Inside one rower, the fan blades of the flywheel have been removed. In their place, the engineering students have wired in a generator typically used in a small wind turbine.
"The heart of our system is the way we control the generator," says team member Owen Edgerton '09, pointing to an adjustable knob on the main beam of the rowing machine. "With this, as a user, I can control how much energy comes out," he says. And, of course, the more energy that comes out, the more that must go in. "If you want more power, you have to row harder," he says, grinning.
By using pulse width modulation — "basically, switching the generator on and off really quickly," says Ojala — the students have created a system that is adjustable without wasting a lot of power as happens when an electric source is managed by resistors. The efficiency of the students' rower system is around 70 percent, and "that's really good," says Bowen.
While the energy-harvesting rowers are now linked to batteries, once all the machines at the fitness center are wired together, they will likely be linked directly into the electrical grid, which will further increase their efficiency. That's what's happening at Oregon State University. In what may be the first U.S. university to develop such a system, OSU has 22 elliptical trainers that pump power directly back into the Oregon electrical grid. Their system was launched this winter and is projected to produce about 3,500 kilowatts annually.
Pulling for less carbon
"The basic point is to use human power instead of polluting power to reduce our carbon footprint," Devon Snyder says, as she dumps more strawberries in for the next round of smoothies. She has been working to promote the Pedal Power project with professor Robert Manning in the Rubenstein School of Environment and Natural Resources — including helping with this demonstration. "It's ridiculous that you are wasting energy to workout," she says, and she sees the project as a new way to educate about natural resource conservation.
"Any student in any major has been to the gym," she says. "Because it involves exercise, it's more appealing than recycling or turning off light bulbs."
Watts up
So, just how much power does an exercising student produce?
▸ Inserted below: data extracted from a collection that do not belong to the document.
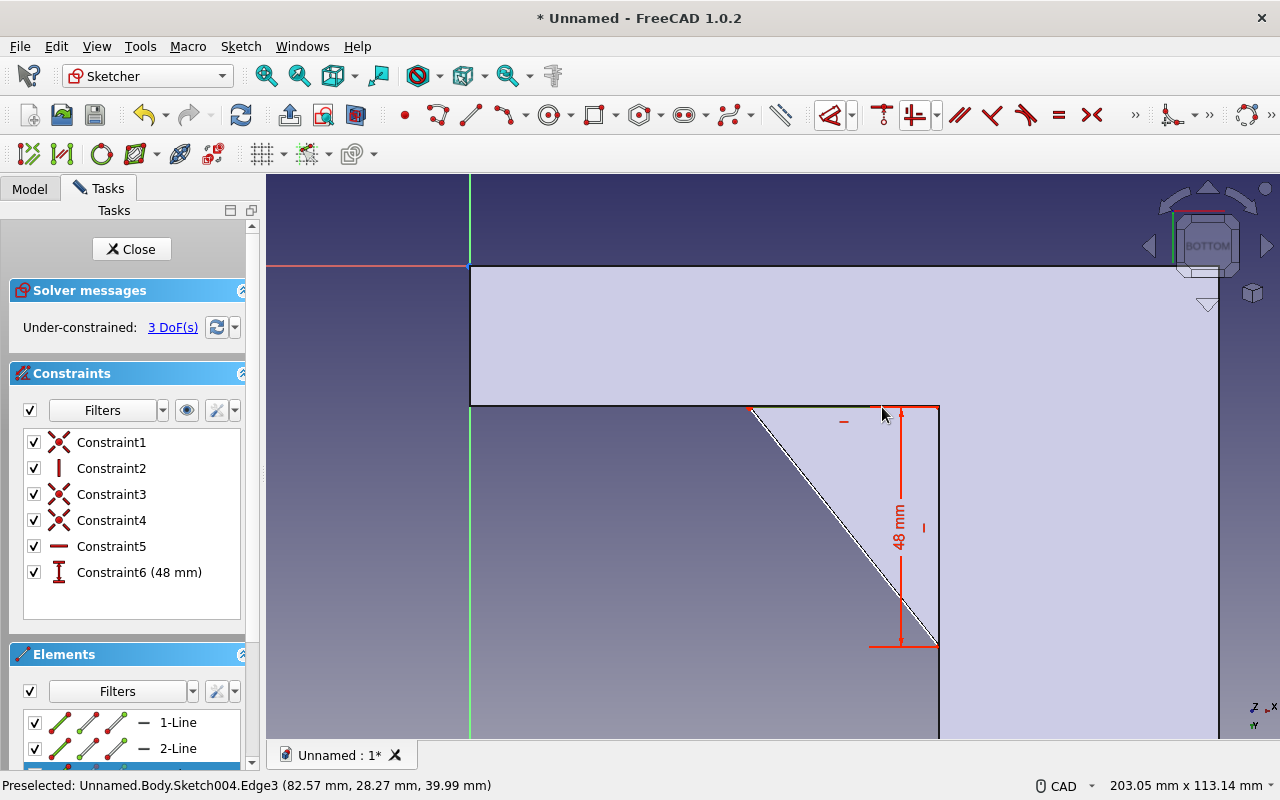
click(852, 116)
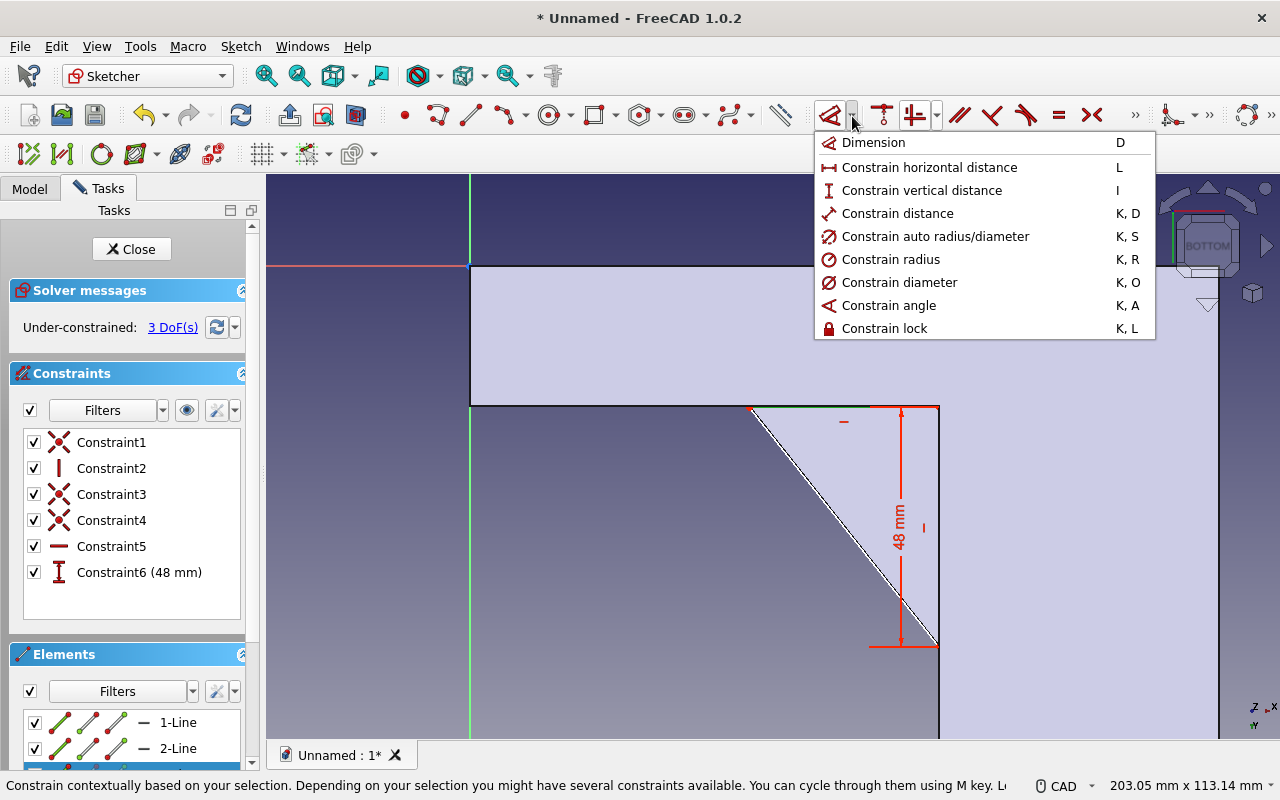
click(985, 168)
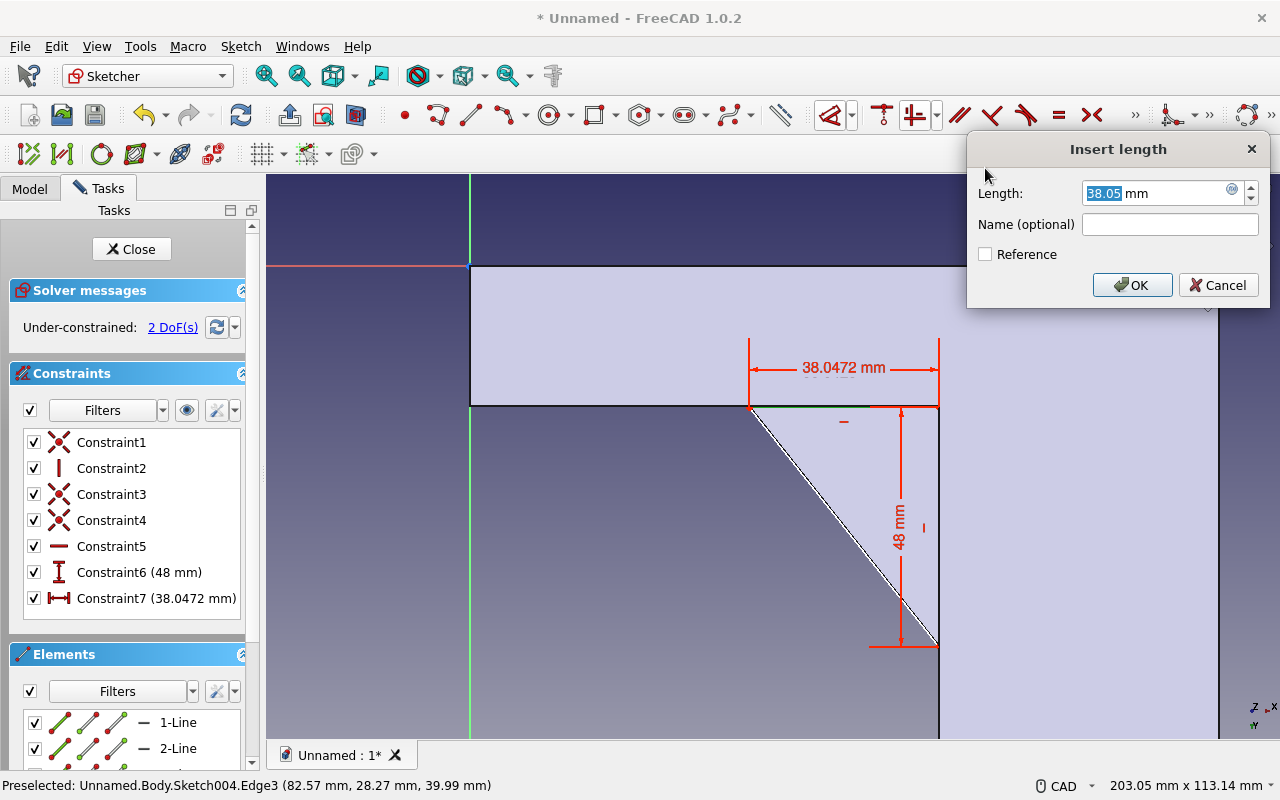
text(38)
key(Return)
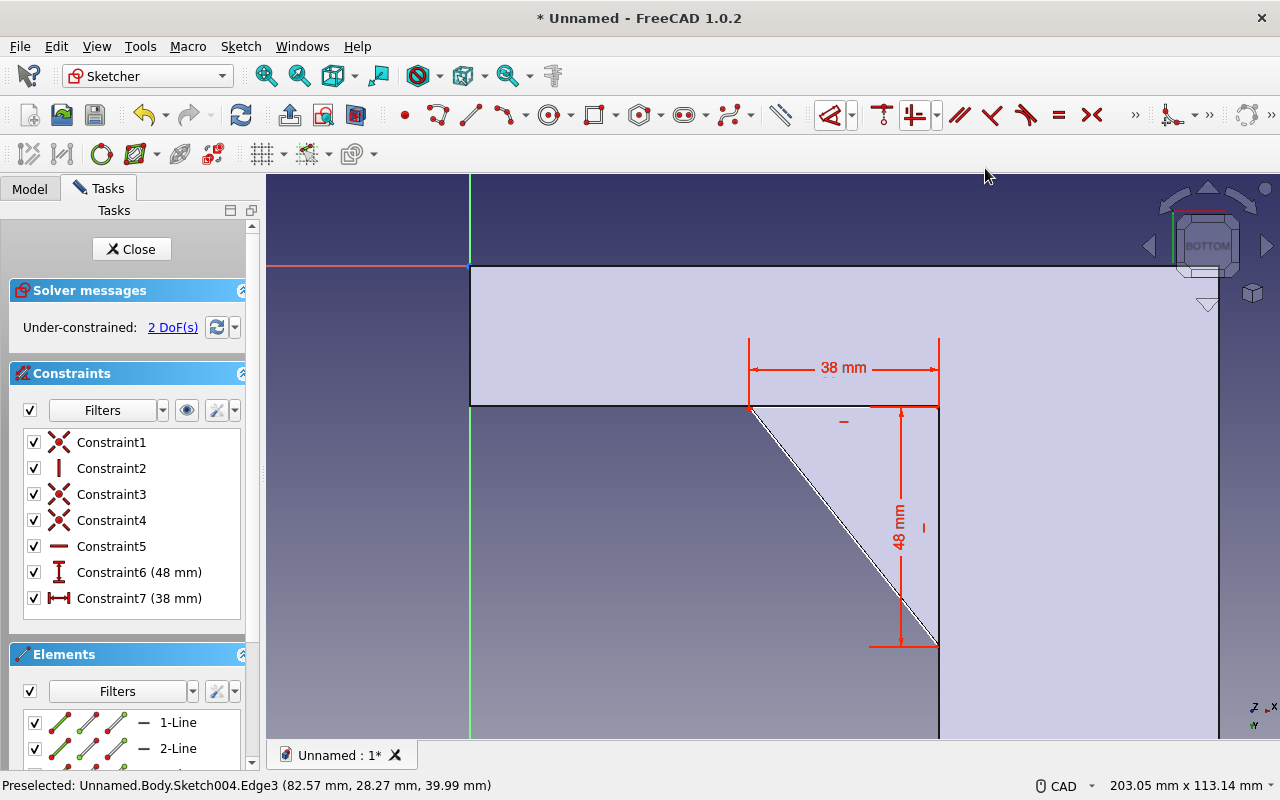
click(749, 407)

About 150 watts can be sustained for about 30 minutes, Reed estimates. "Some of these guys might do 175 or 200," he says, and, in momentary bursts, the screen on the rower reads nearly 1,000 watts.
Working with his colleagues and with three health sciences students, Reed has been researching how this electrical power output relates to human metabolic costs and oxygen uptake for the exerciser. They have also spent days in the UVM Fitness Center — with support from athletics director Bob Corran and his staff — studying usage patterns, and getting exact measurements of when each machine is used.
"This has allowed us to make good estimates of how much energy we can harvest out of these things over time," Reed says, as he watches two new rowers take up the handles.
"People have been, like — that is such a good idea," Snyder says, holding out more smoothies, "Why isn't that already happening?"